■ Aim of the exercise:
When you copy the material below, keep every line exact and leave each picture out.

■ Available data:

=== Section Start ===

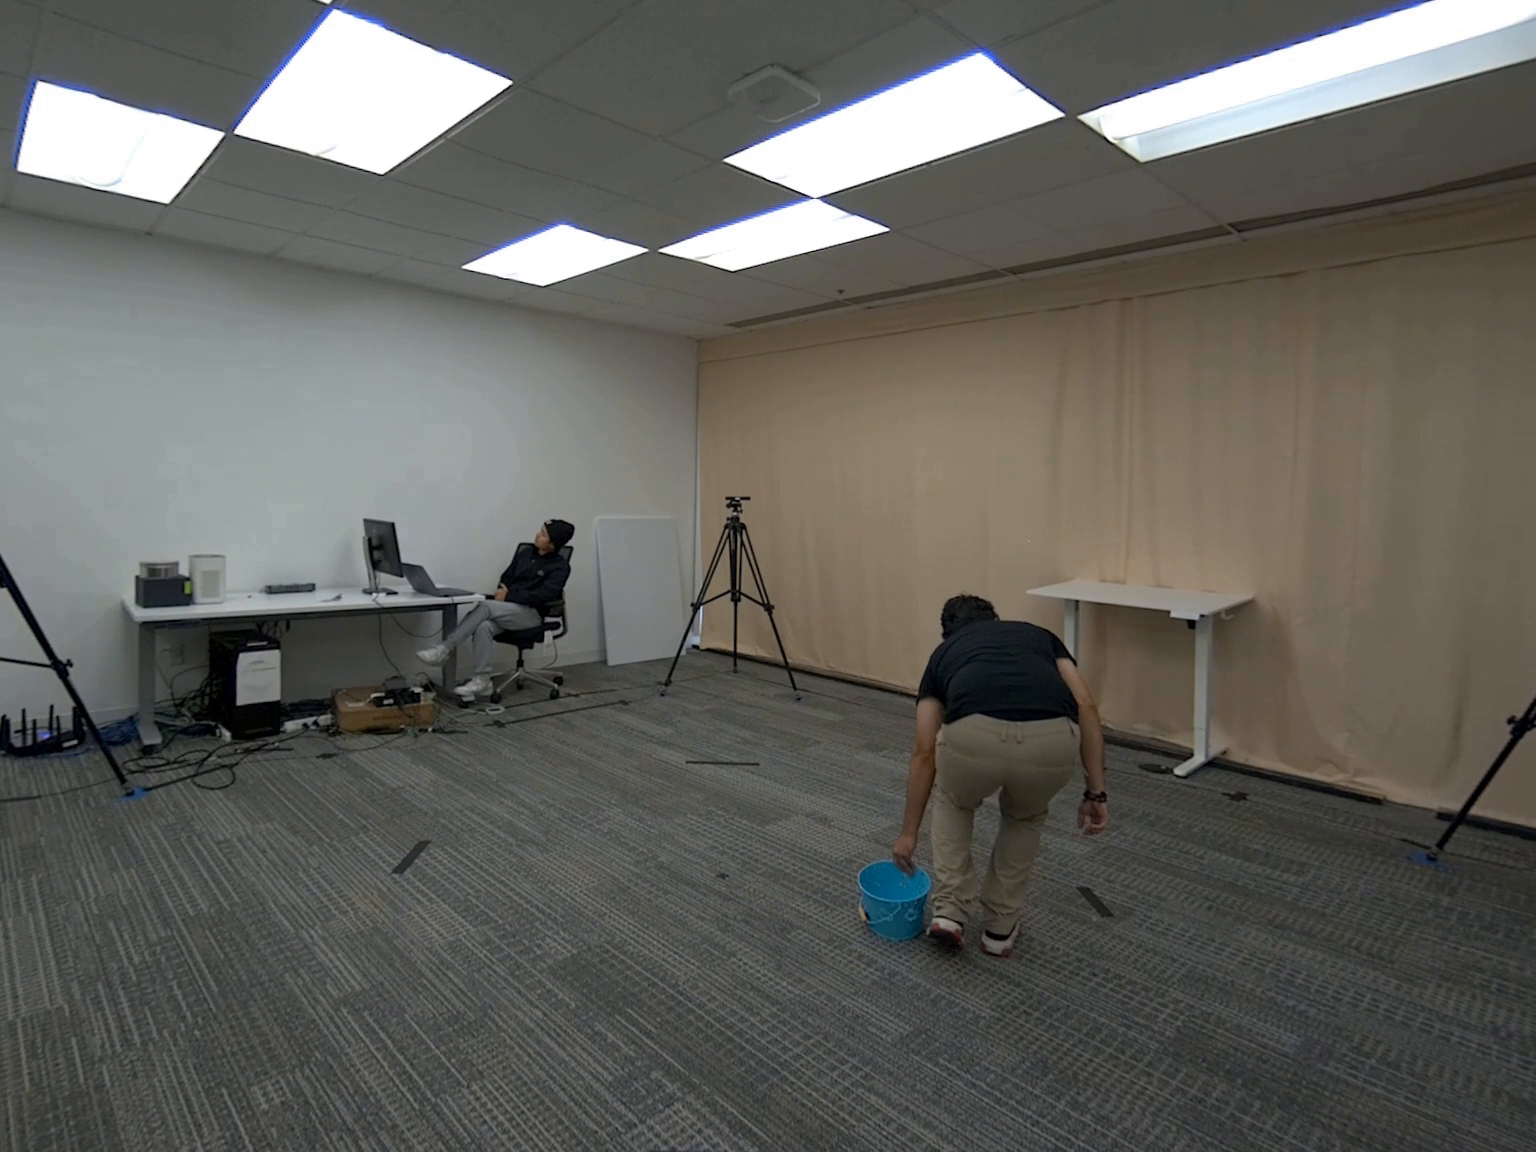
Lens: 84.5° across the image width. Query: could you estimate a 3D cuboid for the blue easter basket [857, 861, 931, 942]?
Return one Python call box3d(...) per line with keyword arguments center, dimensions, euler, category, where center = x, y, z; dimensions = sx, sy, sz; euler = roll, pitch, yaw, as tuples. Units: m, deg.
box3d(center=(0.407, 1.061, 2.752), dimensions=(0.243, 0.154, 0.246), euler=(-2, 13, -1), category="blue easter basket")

=== Section End ===

■ Task solution:
Lens: 84.5° across the image width. Query: could you estimate a 3D cuboid for the blue easter basket [857, 861, 931, 942]?
Return one Python call box3d(...) per line with keyword arguments center, dimensions, euler, category, where center = x, y, z; dimensions = sx, sy, sz; euler = roll, pitch, yaw, as tuples. Units: m, deg.
box3d(center=(0.407, 1.061, 2.752), dimensions=(0.243, 0.154, 0.246), euler=(-2, 13, -1), category="blue easter basket")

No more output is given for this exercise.